And here's the code to do the preprocessing:

import pickle # start by building the fingerprint cache with open('../data/chembl23_very_active.txt','r') as inf: ls = [x.split() for x in inf] ls.pop(0) with open('../data/chembl23_very_active.fps.pkl','wb+') as pklf: for i,(chemblid,smi) in enumerate(ls): m = Chem.MolFromSmiles(smi,sanitize=False) fp = Chem.PatternFingerprint(m) pickle.dump(fp,pklf) if not (i+1)%10000: print("Done",i+1)

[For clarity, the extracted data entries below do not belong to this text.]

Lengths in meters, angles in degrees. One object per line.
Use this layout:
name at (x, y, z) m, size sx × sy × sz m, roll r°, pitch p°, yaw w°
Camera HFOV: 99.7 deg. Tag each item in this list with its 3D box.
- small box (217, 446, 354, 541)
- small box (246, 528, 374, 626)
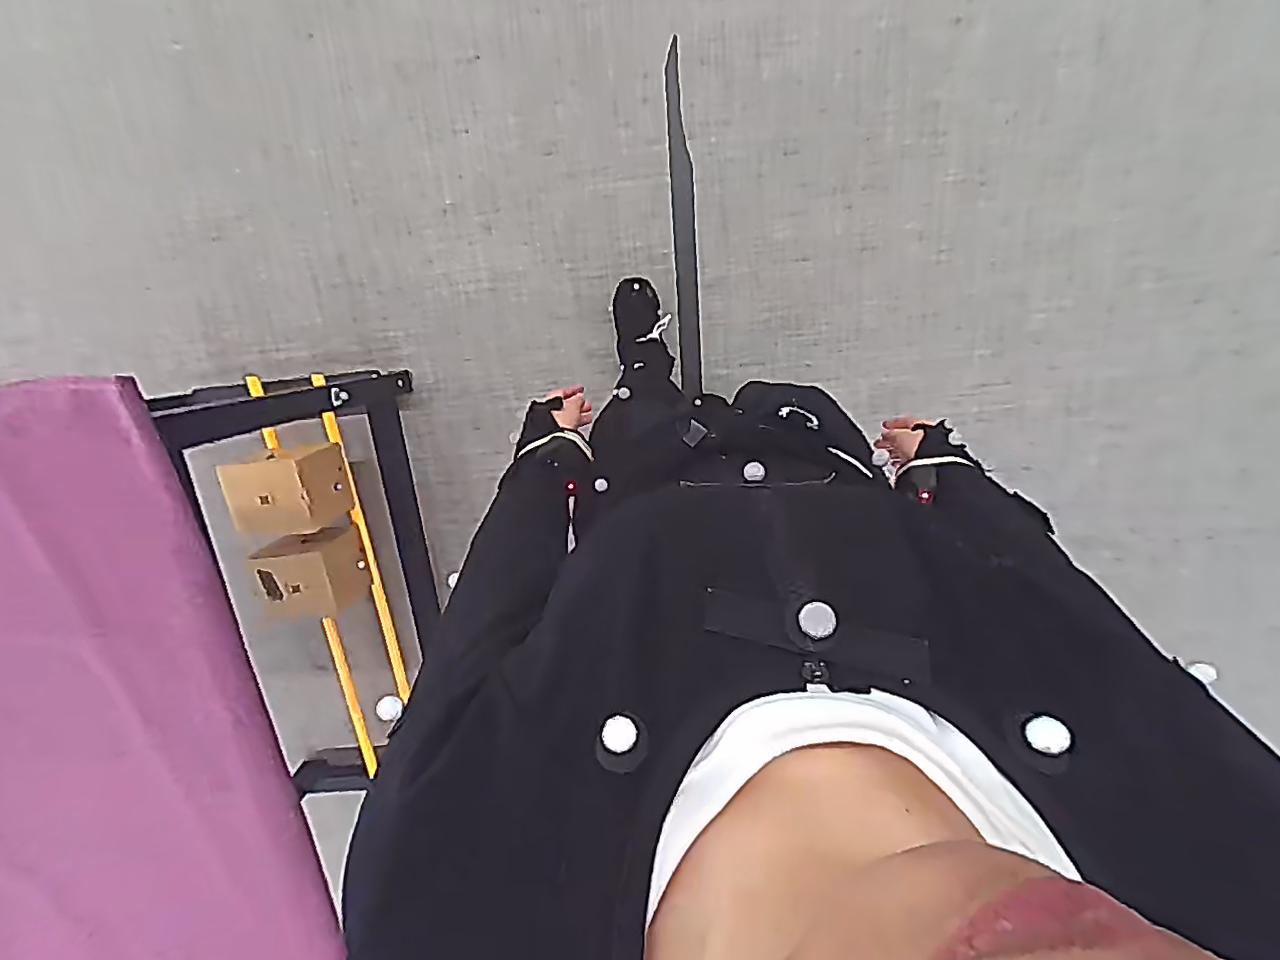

Build our first SubstructLibrary. There are a number of ways of doing this, here we'll build one that expects that the molecules are provided as "trusted" SMILES (i.e. SMILES where the aromaticity and stereochemistry has been set by the RDKit). We'll add the SMILES (without actually converting them into molecule) and the fingerprints we calculated above

In [3]:
import pickle, time
t1=time.time()
mols = rdSubstructLibrary.CachedTrustedSmilesMolHolder()
fps = rdSubstructLibrary.PatternHolder()
with open('../data/chembl23_very_active.txt','r') as inf:
    ls = [x.split() for x in inf]
    ls.pop(0)
    with open('../data/chembl23_very_active.fps.pkl','rb') as pklf:
        for l in ls:
            smi = l[1]
            mols.AddSmiles(smi)           
            fp = pickle.load(pklf)
            fps.AddFingerprint(fp)
library = rdSubstructLibrary.SubstructLibrary(mols,fps)
t2=time.time()
print("That took %.2f seconds. The library has %d molecules."%(t2-t1,len(library)))
That took 3.82 seconds. The library has 184383 molecules.
In [4]:
indices = library.GetMatches(Chem.MolFromSmiles('c1ccncn1'))
print(len(indices))
1000
In [5]:
indices = library.GetMatches(Chem.MolFromSmiles('c1ccncn1'),maxResults=50000)
print(len(indices))
28087
In [6]:
indices = library.GetMatches(Chem.MolFromSmiles('c1ncncn1'))
print(len(indices))
907
In [7]:
library.GetMol(indices[0])
Out[7]:

Let's look at how long that takes:

In [8]:
%timeit library.GetMatches(Chem.MolFromSmiles('c1ncncn1'))
28 ms ± 1.97 ms per loop (mean ± std. dev. of 7 runs, 10 loops each)

Another example with a somewhat larger query:

In [9]:
indices = library.GetMatches(Chem.MolFromSmiles('O=C1OC2=C(C=CC=C2)C=C1'),maxResults=10000)
print(len(indices))
library.GetMol(indices[0])
808
Out[9]:
In [10]:
%timeit library.GetMatches(Chem.MolFromSmiles('O=C1OC2=C(C=CC=C2)C=C1'),maxResults=10000)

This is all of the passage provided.